Let $K \subset S^3$ be a slice knot. Then it bounds a smooth embedded disk $D \subset B^4$. Let $S^3_{p/q}(K)$ denote a $3$-manifold obtained by $p/q$-surgery on $K \subset S^3$.
The following theorem is due to Gordon:
Gordon, C. M. (1975). Knots, homology spheres, and contractible 4-manifolds. Topology, 14(2), 151-172.
Theorem: For a slice knot $K \subset S^3$, $S^3_{\pm 1}(K)$ bounds a contractible $4$-manifold.
I wonder that Gordon's theorem can be generalized to $1/n$ surgeries on slice knots for all $n$?
Best Answer
Yes, the generalisation is also true. This must be written somewhere, but I don't know where (any help from other users?), and finding such a statement is often hard.

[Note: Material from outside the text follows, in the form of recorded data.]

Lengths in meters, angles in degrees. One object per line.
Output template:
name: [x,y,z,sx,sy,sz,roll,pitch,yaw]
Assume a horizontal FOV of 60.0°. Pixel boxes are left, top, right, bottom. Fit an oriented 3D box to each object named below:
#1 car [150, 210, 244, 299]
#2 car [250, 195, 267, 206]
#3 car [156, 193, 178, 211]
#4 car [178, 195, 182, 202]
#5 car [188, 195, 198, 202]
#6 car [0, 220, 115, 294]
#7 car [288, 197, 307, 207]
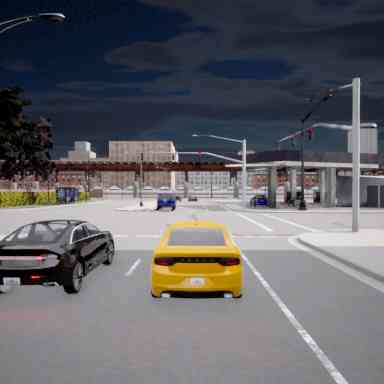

So, here's the idea instead. Turn the surgery into an integral surgery, i.e. do 0-surgery on $K$ and $-n$-surgery on a meridian $L$ of $K$. 4-dimensionally, you're constructing a 4-manifold $X$ by attaching two 2-handles to $B^4$. $X$ contains a 0-sphere (the capped-off slice disc of $K$) and a $-n$-sphere (the capped off meridian disc of $L$) intersecting transversely once. A regular neighbourhood $N$ of the union of these two spheres is a plumbing (by definition) whose boundary is $S^3$ (this is certainly done in Gompf and Stipsicz's book). Now surger out $N$ and replace it with a 4-ball $B$, to get $W$. $W$ is an integral homology ball by excision ($\tilde H_*(W) = H_*(W,B) = H_*(X,N)$) and the long exact sequence of the pair $(X,N)$. The fundamental group hasn't changed with the surgery either: $X\setminus N$ is simply-connected because both $N$, $\partial N$ and $X$ are, and then $W$ is also simply-connected (both steps use Seifert-van Kampen).